La autonomía tampoco terminó de convencerle. Sobre el papel, el portátil con Windows tenía una batería de mayor capacidad que el MacBook Air M1 que usaba antes. 

En uso real, con brillo alto, conexión WiFi, mensajería abierta y varias pestañas en el navegador, el consumo fue del 15% por hora. Eso se traduce en unas seis horas de trabajo efectivo desde el 100%, una cifra aceptable, pero que no supera de forma clara lo que obtenía con el Mac. 

Más preocupante fue la cifra en el comportamiento en reposo, que a veces, al cerrar la tapa, el equipo no entraba en suspensión como debería y seguía gastando batería. 

Además, se encontró con un problema clásico de Windows: el portátil pudo despertarse con solo mover el ratón, incluso con la tapa cerrada, lo que agotó la batería sin que se diera cuenta.

¿Por qué ocurre esto en Windows 11?

Microsoft sigue liándola con los parches de Windows 11
Microsoft sigue liándola con los parches de Windows 11Windows 11

El origen de estos problemas no está en un único fallo, sino en el propio modelo de Windows. A diferencia de Apple, que controla tanto hardware como software, Microsoft desarrolla su sistema para una enorme variedad de configuraciones.

Esa apertura permite mayor compatibilidad, pero también introduce más variables, por lo que cada combinación de componentes es un escenario distinto, y eso complica garantizar un comportamiento uniforme.

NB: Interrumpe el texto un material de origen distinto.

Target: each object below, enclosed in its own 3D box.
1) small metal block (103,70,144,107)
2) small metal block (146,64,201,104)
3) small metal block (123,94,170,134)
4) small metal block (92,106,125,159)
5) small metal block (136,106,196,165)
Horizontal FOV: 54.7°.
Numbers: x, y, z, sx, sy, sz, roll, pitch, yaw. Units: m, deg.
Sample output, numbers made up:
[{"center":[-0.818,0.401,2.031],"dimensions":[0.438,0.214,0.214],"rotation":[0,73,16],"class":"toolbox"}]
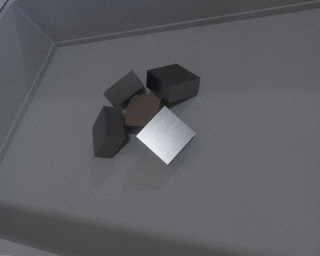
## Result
[{"center":[-0.052,-0.058,0.450],"dimensions":[0.050,0.025,0.050],"rotation":[-37,14,4],"class":"small metal block"},{"center":[0.017,-0.061,0.416],"dimensions":[0.050,0.025,0.050],"rotation":[-20,43,-32],"class":"small metal block"},{"center":[-0.019,-0.019,0.424],"dimensions":[0.050,0.025,0.050],"rotation":[2,62,29],"class":"small metal block"},{"center":[-0.071,0.006,0.422],"dimensions":[0.050,0.025,0.050],"rotation":[-53,39,42],"class":"small metal block"},{"center":[0.007,0.010,0.379],"dimensions":[0.050,0.025,0.050],"rotation":[42,84,4],"class":"small metal block"}]
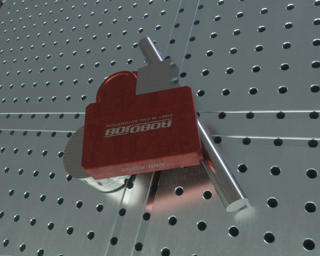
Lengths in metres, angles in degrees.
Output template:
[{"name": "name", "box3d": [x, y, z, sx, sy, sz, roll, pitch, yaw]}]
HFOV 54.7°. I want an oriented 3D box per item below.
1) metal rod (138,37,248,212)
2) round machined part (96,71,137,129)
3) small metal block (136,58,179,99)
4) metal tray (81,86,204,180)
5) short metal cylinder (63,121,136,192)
[{"name": "metal rod", "box3d": [0.028, -0.028, 0.406, 0.025, 0.025, 0.300, -31, 52, 8]}, {"name": "round machined part", "box3d": [-0.052, -0.043, 0.445, 0.098, 0.042, 0.098, -14, 56, 22]}, {"name": "small metal block", "box3d": [-0.003, -0.059, 0.411, 0.050, 0.025, 0.050, -12, 59, 27]}, {"name": "metal tray", "box3d": [-0.021, 0.005, 0.359, 0.131, 0.030, 0.090, -9, 57, 8]}, {"name": "short metal cylinder", "box3d": [-0.077, 0.037, 0.405, 0.080, 0.050, 0.080, -13, 56, 21]}]
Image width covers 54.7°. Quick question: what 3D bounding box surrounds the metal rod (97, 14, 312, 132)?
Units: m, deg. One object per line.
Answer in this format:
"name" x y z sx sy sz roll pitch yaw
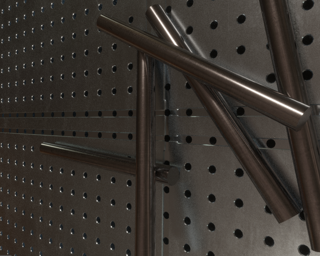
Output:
"metal rod" 0.023 -0.078 0.354 0.300 0.025 0.025 35 111 34

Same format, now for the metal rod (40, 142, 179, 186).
"metal rod" -0.099 0.050 0.488 0.300 0.025 0.025 6 94 39

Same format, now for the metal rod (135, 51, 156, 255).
"metal rod" -0.018 0.028 0.394 0.025 0.025 0.298 -10 75 39

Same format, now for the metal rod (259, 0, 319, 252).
"metal rod" 0.129 -0.036 0.302 0.025 0.025 0.298 -15 81 39

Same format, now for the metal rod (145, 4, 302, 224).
"metal rod" 0.060 -0.034 0.358 0.025 0.025 0.299 -43 64 31
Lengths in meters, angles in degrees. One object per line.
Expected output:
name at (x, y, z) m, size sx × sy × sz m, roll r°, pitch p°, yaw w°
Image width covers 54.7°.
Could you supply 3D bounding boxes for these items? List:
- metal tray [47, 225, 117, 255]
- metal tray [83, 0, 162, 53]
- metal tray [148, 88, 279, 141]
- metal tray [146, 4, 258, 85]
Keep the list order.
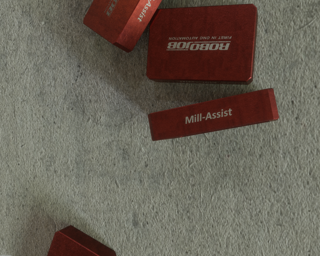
metal tray at (-0.127, 0.222, 0.451) m, size 0.090 × 0.030 × 0.129 m, roll 23°, pitch 98°, yaw 18°
metal tray at (-0.039, -0.174, 0.403) m, size 0.090 × 0.030 × 0.129 m, roll 41°, pitch 104°, yaw 38°
metal tray at (0.063, -0.012, 0.351) m, size 0.130 × 0.090 × 0.030 m, roll -11°, pitch 87°, yaw 19°
metal tray at (0.051, -0.102, 0.388) m, size 0.130 × 0.030 × 0.089 m, roll 5°, pitch 92°, yaw 19°
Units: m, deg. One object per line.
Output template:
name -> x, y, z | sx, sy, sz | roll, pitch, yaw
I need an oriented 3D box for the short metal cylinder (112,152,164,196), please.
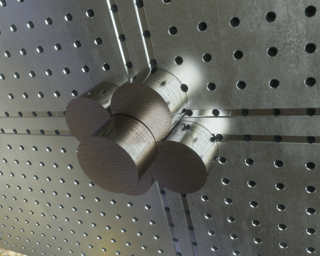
short metal cylinder -> -0.038, 0.049, 0.443 | 0.080, 0.050, 0.079 | 13, 124, 20

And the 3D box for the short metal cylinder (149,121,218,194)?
short metal cylinder -> 0.030, 0.038, 0.401 | 0.080, 0.050, 0.079 | 13, 124, 20

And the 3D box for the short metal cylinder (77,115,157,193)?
short metal cylinder -> -0.051, 0.031, 0.372 | 0.080, 0.050, 0.079 | 13, 125, 19

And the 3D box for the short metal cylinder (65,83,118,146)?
short metal cylinder -> -0.081, -0.016, 0.425 | 0.080, 0.050, 0.079 | 13, 124, 20

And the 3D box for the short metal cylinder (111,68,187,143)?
short metal cylinder -> -0.013, -0.028, 0.382 | 0.080, 0.050, 0.079 | 13, 124, 20
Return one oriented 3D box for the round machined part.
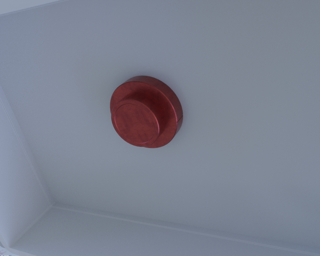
[{"bbox_3d":[-0.023,-0.014,0.402,0.098,0.042,0.097,13,124,21],"label":"round machined part"}]
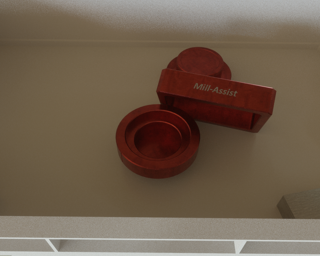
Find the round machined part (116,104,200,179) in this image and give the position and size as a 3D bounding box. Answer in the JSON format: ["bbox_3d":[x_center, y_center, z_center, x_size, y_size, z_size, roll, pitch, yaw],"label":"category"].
[{"bbox_3d":[-0.003,0.020,0.377,0.099,0.042,0.098,0,50,0],"label":"round machined part"}]

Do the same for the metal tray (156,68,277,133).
[{"bbox_3d":[0.067,-0.031,0.387,0.131,0.090,0.030,12,77,10],"label":"metal tray"}]

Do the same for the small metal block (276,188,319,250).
[{"bbox_3d":[0.161,0.095,0.328,0.050,0.025,0.050,-9,51,-8],"label":"small metal block"}]

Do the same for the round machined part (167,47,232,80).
[{"bbox_3d":[0.059,-0.085,0.467,0.099,0.042,0.098,0,50,0],"label":"round machined part"}]
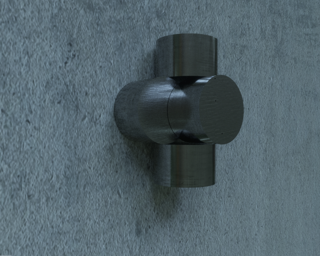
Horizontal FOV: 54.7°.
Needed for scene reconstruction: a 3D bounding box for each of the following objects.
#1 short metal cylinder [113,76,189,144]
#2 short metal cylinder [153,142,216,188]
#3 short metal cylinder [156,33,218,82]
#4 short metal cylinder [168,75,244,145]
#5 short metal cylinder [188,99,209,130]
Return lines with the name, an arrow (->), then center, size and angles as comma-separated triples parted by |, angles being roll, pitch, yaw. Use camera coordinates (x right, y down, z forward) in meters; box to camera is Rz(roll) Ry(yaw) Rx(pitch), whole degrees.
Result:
short metal cylinder -> -0.010, -0.021, 0.383 | 0.081, 0.050, 0.079 | 0, 90, -40
short metal cylinder -> 0.032, 0.044, 0.400 | 0.081, 0.080, 0.050 | 0, 90, -40
short metal cylinder -> 0.035, -0.086, 0.402 | 0.081, 0.080, 0.050 | 0, 91, -40
short metal cylinder -> 0.056, -0.021, 0.373 | 0.081, 0.050, 0.079 | 0, 90, -40
short metal cylinder -> 0.052, -0.022, 0.435 | 0.081, 0.050, 0.079 | 0, 90, -40

Además, el ritmo de actualizaciones añade otra capa de complejidad. Mejorar el sistema de forma continua implica asumir el riesgo de introducir errores en el proceso.

Después de varios días de uso intensivo, el balance fue que Windows 11 ofrece cosas que el Mac no, como compatibilidad con software antiguo, acceso a juegos y más margen de maniobra a la hora de instalar y ajustar herramientas. 

Pero el problema no está ahí, sino en que el sistema le obliga a estar más pendiente de él de lo que estaba acostumbrado.

En macOS, su experiencia era la de un entorno que, con sus limitaciones, se mantenía estable y predecible. El portátil se abría, funcionaba, se cerraba y entraba en reposo sin sorpresas. 

En Windows 11, por el contrario, siente que siempre hay algo que vigilar: la red, las actualizaciones, la suspensión, el comportamiento de ciertas apps. Nada de ello hace al sistema inutilizable, pero sí introduce una capa de incertidumbre que no tenía antes.

Esa diferencia es la que le llevó a volver al Mac como máquina principal, aun sabiendo que perdería parte de la compatibilidad y la experiencia en juegos que ganó con el cambio. 

Para trabajar a diario, valora más la sensación de que el sistema operativo no se va a interponer en su camino que las ventajas objetivas en otros apartados.

Es importante mencionar que no todos los usuarios experimentan estos problemas con la misma intensidad. De hecho, muchos utilizan Windows 11 sin incidencias. 

Sin embargo, la existencia de este tipo de experiencias apunta a una realidad: el sistema operativo de Microsoft no siempre alcanza el mismo nivel de pulido que otros ecosistemas.